The Levant Schooner Flotilla was an Allied naval organisation during World War II that facilitated covert and irregular military operations in the Aegean Sea from 1942–1945. It was primarily organised by the British Royal Navy and consisted of a series of commandeered caïques, or local schooners, manned by British sailors, special forces, and Greek volunteers.

World War II in the Aegean

The Levant Schooner Flotilla (LSF) was formed by the Royal Navy from requisitioned or abandoned caïques to supplement its handful of motor and high-speed launches opposing German forces in the Nazi-occupied Aegean Sea. The LSF was led by Lt. Cmdr. Adrian C. C. Seligman, who had circumnavigated the globe in a windjammer before the war.
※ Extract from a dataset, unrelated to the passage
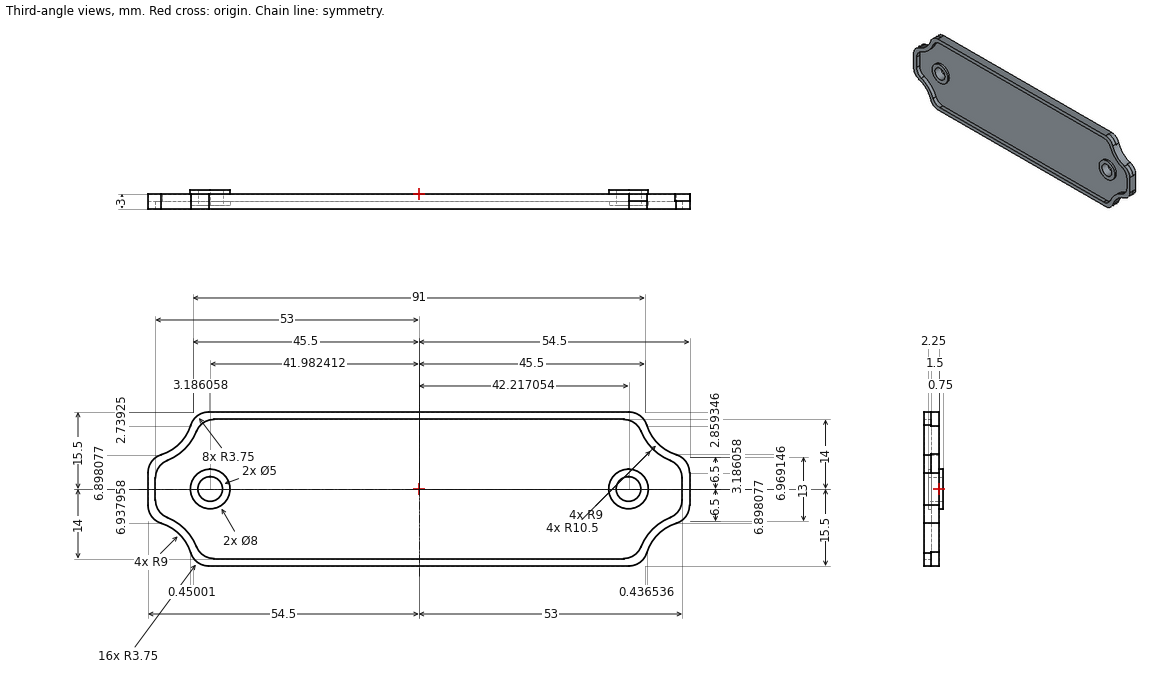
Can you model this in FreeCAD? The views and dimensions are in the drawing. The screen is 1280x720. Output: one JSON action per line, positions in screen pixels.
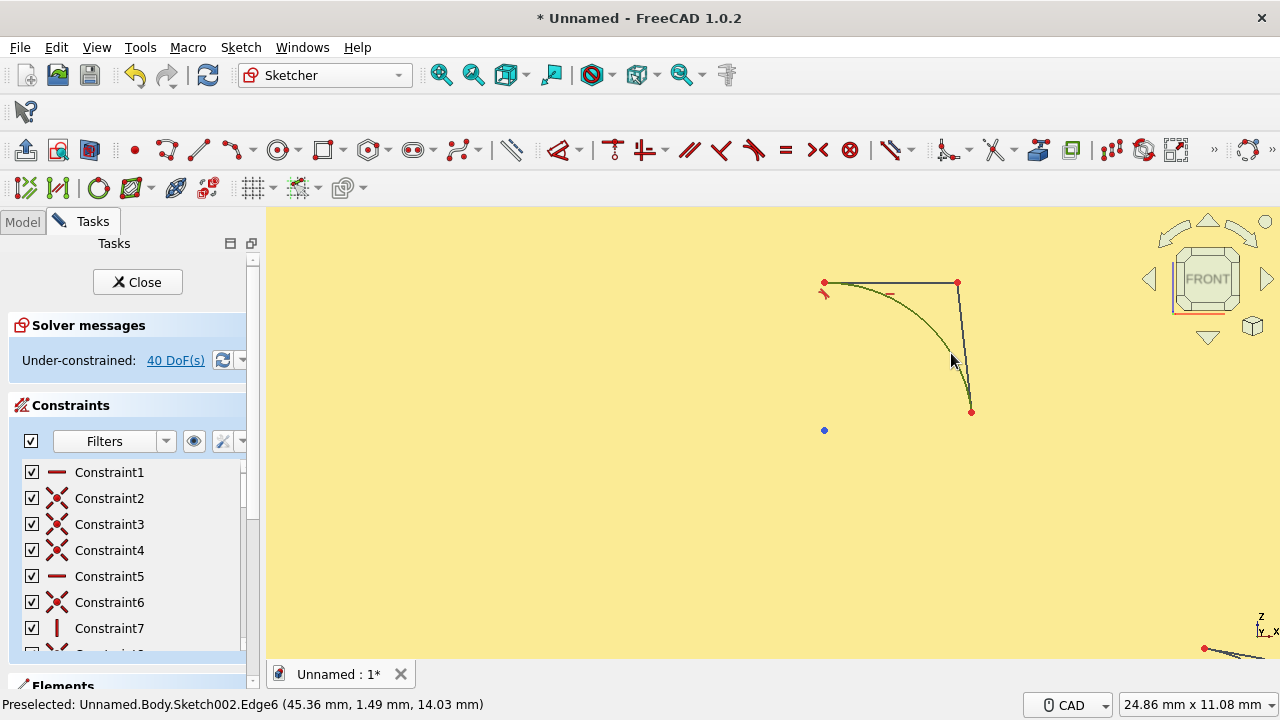
{"action": "scroll", "coordinate": [956, 356], "scroll_direction": "down", "scroll_amount": 10}

The Flotilla numbered about ten ships in September 1943, though at various points it was able to field only a handful. Caïques typically had 5–6 man crews and were heavily armed with 20mm cannons, Browning machine guns and Vickers aircraft machine guns. The caïques often operated under cover of darkness, landing or picking up commandos, rescuing partisans, and intercepting or raiding small German forces. Many of the ships were powered by Matilda tank engines and used long-range radios taken from Kittyhawk (P-40) fighter aircraft.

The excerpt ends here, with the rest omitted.